----- Records provided -----
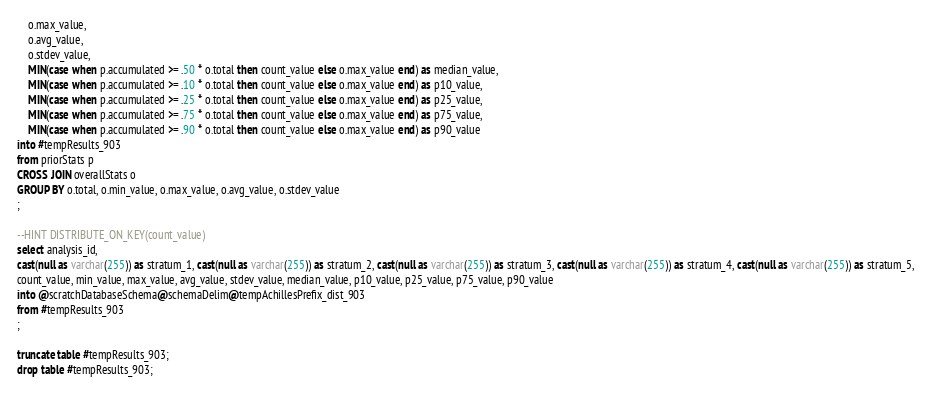Convert code to text. <code><loc_0><loc_0><loc_500><loc_500><_SQL_>	o.max_value,
	o.avg_value,
	o.stdev_value,
	MIN(case when p.accumulated >= .50 * o.total then count_value else o.max_value end) as median_value,
	MIN(case when p.accumulated >= .10 * o.total then count_value else o.max_value end) as p10_value,
	MIN(case when p.accumulated >= .25 * o.total then count_value else o.max_value end) as p25_value,
	MIN(case when p.accumulated >= .75 * o.total then count_value else o.max_value end) as p75_value,
	MIN(case when p.accumulated >= .90 * o.total then count_value else o.max_value end) as p90_value
into #tempResults_903
from priorStats p
CROSS JOIN overallStats o
GROUP BY o.total, o.min_value, o.max_value, o.avg_value, o.stdev_value
;

--HINT DISTRIBUTE_ON_KEY(count_value)
select analysis_id, 
cast(null as varchar(255)) as stratum_1, cast(null as varchar(255)) as stratum_2, cast(null as varchar(255)) as stratum_3, cast(null as varchar(255)) as stratum_4, cast(null as varchar(255)) as stratum_5,
count_value, min_value, max_value, avg_value, stdev_value, median_value, p10_value, p25_value, p75_value, p90_value
into @scratchDatabaseSchema@schemaDelim@tempAchillesPrefix_dist_903
from #tempResults_903
;

truncate table #tempResults_903;
drop table #tempResults_903;
</code>
-----
▶ [The task]: Would you set down the entries exactly as given, minus their pictures?

▶ [Exercise solution]:
Convert code to text. <code><loc_0><loc_0><loc_500><loc_500><_SQL_>	o.max_value,
	o.avg_value,
	o.stdev_value,
	MIN(case when p.accumulated >= .50 * o.total then count_value else o.max_value end) as median_value,
	MIN(case when p.accumulated >= .10 * o.total then count_value else o.max_value end) as p10_value,
	MIN(case when p.accumulated >= .25 * o.total then count_value else o.max_value end) as p25_value,
	MIN(case when p.accumulated >= .75 * o.total then count_value else o.max_value end) as p75_value,
	MIN(case when p.accumulated >= .90 * o.total then count_value else o.max_value end) as p90_value
into #tempResults_903
from priorStats p
CROSS JOIN overallStats o
GROUP BY o.total, o.min_value, o.max_value, o.avg_value, o.stdev_value
;

--HINT DISTRIBUTE_ON_KEY(count_value)
select analysis_id, 
cast(null as varchar(255)) as stratum_1, cast(null as varchar(255)) as stratum_2, cast(null as varchar(255)) as stratum_3, cast(null as varchar(255)) as stratum_4, cast(null as varchar(255)) as stratum_5,
count_value, min_value, max_value, avg_value, stdev_value, median_value, p10_value, p25_value, p75_value, p90_value
into @scratchDatabaseSchema@schemaDelim@tempAchillesPrefix_dist_903
from #tempResults_903
;

truncate table #tempResults_903;
drop table #tempResults_903;
</code>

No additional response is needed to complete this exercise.